# Gravely Identification



## ddauto

Hello, I purchased and old gravely walk behind that was listed as a 5665 pro. I have no idea what it really is and the only tag left is a serial number tag. It has a 12 hp kohler engine and brake steering. The serial # is 00578150. Wondering if anyone had any information how I can identify this tractor in order to attempt a restoration.


----------



## wjjones

Can you post a picture of it?


----------



## wjjones

Is this like yours? 

http://nashville.craigslist.org/grd/4667472956.html


----------



## ddauto

*Picture close*

The picture looks like the unit except there is a third handle that operates the brakes on the wheels. I was told it was a steering brake but other than that units look the same.
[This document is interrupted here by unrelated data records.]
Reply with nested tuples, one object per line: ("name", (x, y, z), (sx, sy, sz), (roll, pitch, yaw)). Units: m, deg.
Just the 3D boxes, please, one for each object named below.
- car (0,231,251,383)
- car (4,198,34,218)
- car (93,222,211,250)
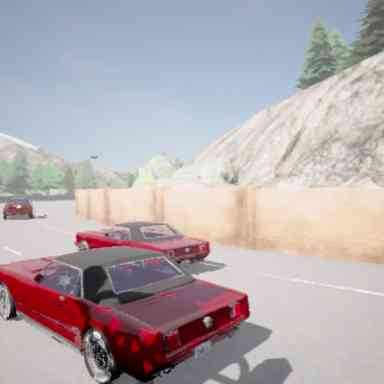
("car", (-1.535, 1.589, 5.449), (4.718, 1.301, 1.895), (0, 0, 41))
("car", (-14.855, 1.255, 28.741), (2.097, 1.767, 4.553), (1, 0, -25))
("car", (-1.765, 1.582, 10.317), (4.718, 1.301, 1.895), (0, 0, 44))
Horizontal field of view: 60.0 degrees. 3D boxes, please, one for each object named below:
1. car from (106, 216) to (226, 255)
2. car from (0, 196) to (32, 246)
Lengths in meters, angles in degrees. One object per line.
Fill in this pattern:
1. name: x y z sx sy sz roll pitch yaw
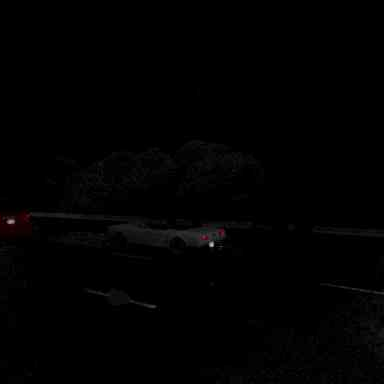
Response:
1. car: -1.160 1.576 13.047 4.718 1.301 1.895 0 0 33
2. car: -9.070 1.195 13.819 5.566 2.045 2.150 0 0 31
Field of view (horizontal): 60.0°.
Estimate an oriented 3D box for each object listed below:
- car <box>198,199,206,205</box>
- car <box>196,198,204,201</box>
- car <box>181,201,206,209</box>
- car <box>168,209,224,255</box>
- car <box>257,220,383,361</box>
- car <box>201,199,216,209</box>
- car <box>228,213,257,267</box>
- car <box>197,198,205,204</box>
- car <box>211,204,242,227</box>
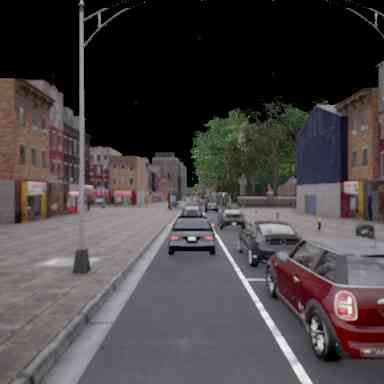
[{"bbox_3d":[2.614,2.680,88.797,2.008,1.369,4.403,-1,-1,0],"label":"car"},{"bbox_3d":[2.616,2.504,77.897,2.008,1.369,4.403,-1,-1,0],"label":"car"},{"bbox_3d":[0.002,1.824,29.371,1.812,1.442,4.674,0,0,0],"label":"car"},{"bbox_3d":[-0.001,1.682,13.984,2.033,1.411,5.357,0,-1,0],"label":"car"},{"bbox_3d":[2.628,1.497,6.037,1.967,1.590,4.097,-1,-1,0],"label":"car"},{"bbox_3d":[2.622,2.058,45.386,1.947,1.339,4.313,-1,-1,0],"label":"car"},{"bbox_3d":[2.628,1.663,11.657,2.008,1.369,4.403,-1,-1,0],"label":"car"},{"bbox_3d":[2.609,2.538,94.250,2.192,1.841,5.009,-1,-1,0],"label":"car"},{"bbox_3d":[2.626,1.778,22.901,2.008,1.369,4.403,-1,-1,0],"label":"car"}]
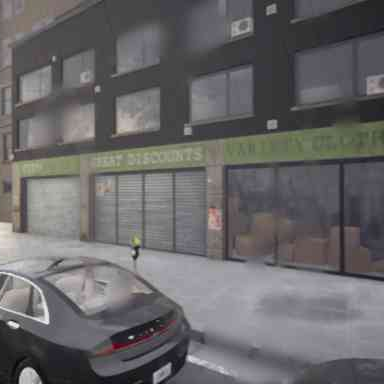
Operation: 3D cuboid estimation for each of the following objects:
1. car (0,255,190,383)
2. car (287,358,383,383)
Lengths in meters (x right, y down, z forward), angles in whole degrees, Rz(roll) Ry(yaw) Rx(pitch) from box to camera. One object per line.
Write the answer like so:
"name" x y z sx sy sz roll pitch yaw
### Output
"car" -2.075 1.563 4.552 4.403 1.369 2.008 0 0 35
"car" 2.430 1.547 1.356 4.403 1.369 2.008 0 0 35
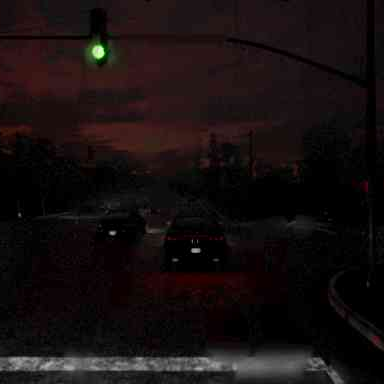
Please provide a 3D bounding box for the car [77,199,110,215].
[{"bbox_3d":[-10.576,1.573,35.350,1.882,1.535,5.008,0,0,0],"label":"car"}]

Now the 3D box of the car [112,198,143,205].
[{"bbox_3d":[-7.072,1.663,36.761,1.994,1.385,4.181,0,0,0],"label":"car"}]

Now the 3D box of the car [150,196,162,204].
[{"bbox_3d":[-6.993,1.555,65.465,1.994,1.385,4.181,0,1,0],"label":"car"}]

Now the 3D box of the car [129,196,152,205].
[{"bbox_3d":[-7.023,1.643,45.517,1.812,1.442,4.674,0,0,1],"label":"car"}]

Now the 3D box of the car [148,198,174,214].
[{"bbox_3d":[-3.390,1.700,37.105,1.895,1.301,4.718,0,0,0],"label":"car"}]

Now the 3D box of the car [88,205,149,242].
[{"bbox_3d":[-3.395,1.570,16.497,1.812,1.442,4.674,0,0,0],"label":"car"}]

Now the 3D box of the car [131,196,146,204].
[{"bbox_3d":[-10.494,1.538,65.534,2.033,1.411,5.357,0,1,0],"label":"car"}]

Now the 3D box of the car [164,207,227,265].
[{"bbox_3d":[0.104,1.510,11.872,1.882,1.535,5.008,0,0,0],"label":"car"}]

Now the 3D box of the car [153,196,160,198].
[{"bbox_3d":[-6.985,1.653,55.470,1.994,1.385,4.181,0,0,0],"label":"car"}]

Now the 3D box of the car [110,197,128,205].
[{"bbox_3d":[-10.524,1.608,44.838,2.128,1.511,4.902,0,0,0],"label":"car"}]

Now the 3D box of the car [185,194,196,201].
[{"bbox_3d":[-0.384,1.325,77.249,2.128,1.511,4.902,0,1,-5],"label":"car"}]

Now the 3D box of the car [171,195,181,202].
[{"bbox_3d":[-3.630,1.404,72.710,1.812,1.442,4.674,0,1,-5],"label":"car"}]

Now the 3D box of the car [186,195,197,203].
[{"bbox_3d":[0.005,1.520,66.894,2.033,1.411,5.357,0,1,0],"label":"car"}]

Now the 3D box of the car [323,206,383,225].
[{"bbox_3d":[12.081,1.666,23.999,4.718,1.301,1.895,0,0,-3],"label":"car"}]

Thanks for taking the time to help


----------



## Beaner2u

For service manuals check here,

http://gravelytractorclub.org/index.php/resources/manuals/95-walk-behind-tractors


Here is a guide to help you date your tractor. The numbers on the engine are not the tractor serial numbers. Your tractor number I believe is on top of the dash panel.


----------



## ddauto

Thanks for the information. The serial # I was using was from a plate on the upper dash panel. The model number plate was missing. It seems to be a 1985 model 5665 professional. Thanks for your help, now wish me luck on finding a car pusher attachment and getting this thing restored.
Dave


----------



## Beaner2u

Is this what you are looking for?

http://www.ebay.com/itm/Gravely-Pro...138?pt=LH_DefaultDomain_0&hash=item27eddd59a2

Roger,


----------



## ddauto

*Almost....*

I saw that one and got pretty excited but it does not look like it would fit with this "quick Hitch". The original gravely one was a kit including rear wheel and extension to get pusher up and away. Thanks so much for looking I really appreciate it. Ive been looking for months since I bought this thing. Funny at the auction I bought it at everybody knew someone who had a "pusher" but alas none found. I am debating whether to start repairing this 5665. I guess I should just make something.


----------



## Beaner2u

Dave,

Just so that you know, if all you wish to use your 5000 series tractor for is a car pusher, then you can unbolt your quick hitch and bolt on the car pusher.

The car pusher should have a small stud or bolt to hold the long pinion shaft in place.

You have to be careful when you remove the quick hitch, if you tip the tractor forward, the five quarts of oil in the chassis will start pouring out. Changing oil in the chassis is not a bad idea, some owners never changed that oil, five quarts of good 30w oil.

Roger,


----------